*** RECORDS PROVIDED ***
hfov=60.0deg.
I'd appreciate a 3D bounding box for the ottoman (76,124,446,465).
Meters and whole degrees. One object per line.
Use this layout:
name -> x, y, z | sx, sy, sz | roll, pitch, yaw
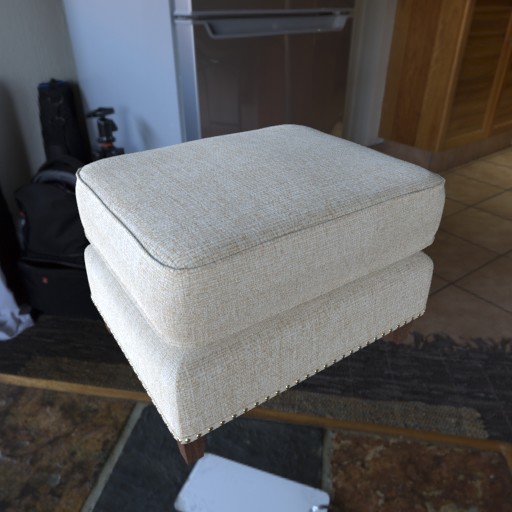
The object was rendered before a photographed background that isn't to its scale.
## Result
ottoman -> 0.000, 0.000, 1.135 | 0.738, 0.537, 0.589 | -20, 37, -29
***
*** RECORDS PROVIDED ***
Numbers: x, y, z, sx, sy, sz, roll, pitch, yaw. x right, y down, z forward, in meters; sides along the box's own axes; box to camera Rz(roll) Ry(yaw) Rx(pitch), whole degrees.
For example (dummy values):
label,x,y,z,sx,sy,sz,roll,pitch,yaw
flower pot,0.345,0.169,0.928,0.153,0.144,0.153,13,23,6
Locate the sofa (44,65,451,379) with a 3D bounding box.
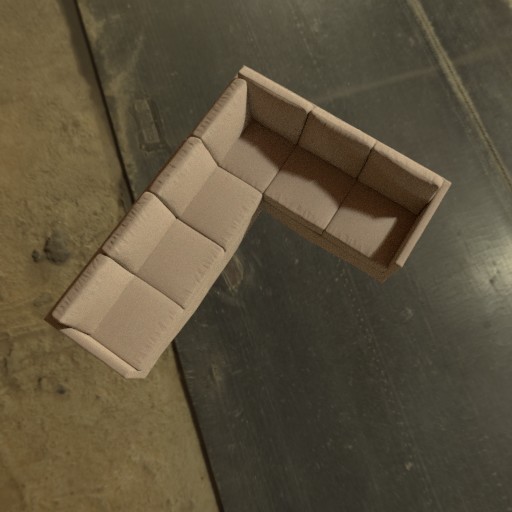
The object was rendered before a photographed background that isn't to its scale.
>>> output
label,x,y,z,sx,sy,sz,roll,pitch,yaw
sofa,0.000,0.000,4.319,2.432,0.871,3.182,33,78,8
***
■ TASK TO COMPLETE ■
Return every line of the entries above that the string "whole" appears in.

■ RESPONSE TO THE TASK ■
Meters and whole degrees. One object per line.
Numbers: x, y, z, sx, sy, sz, roll, pitch, yaw. x right, y down, z forward, in meters; sides along the box's own axes; box to camera Rz(roll) Ry(yaw) Rx(pitch), whole degrees.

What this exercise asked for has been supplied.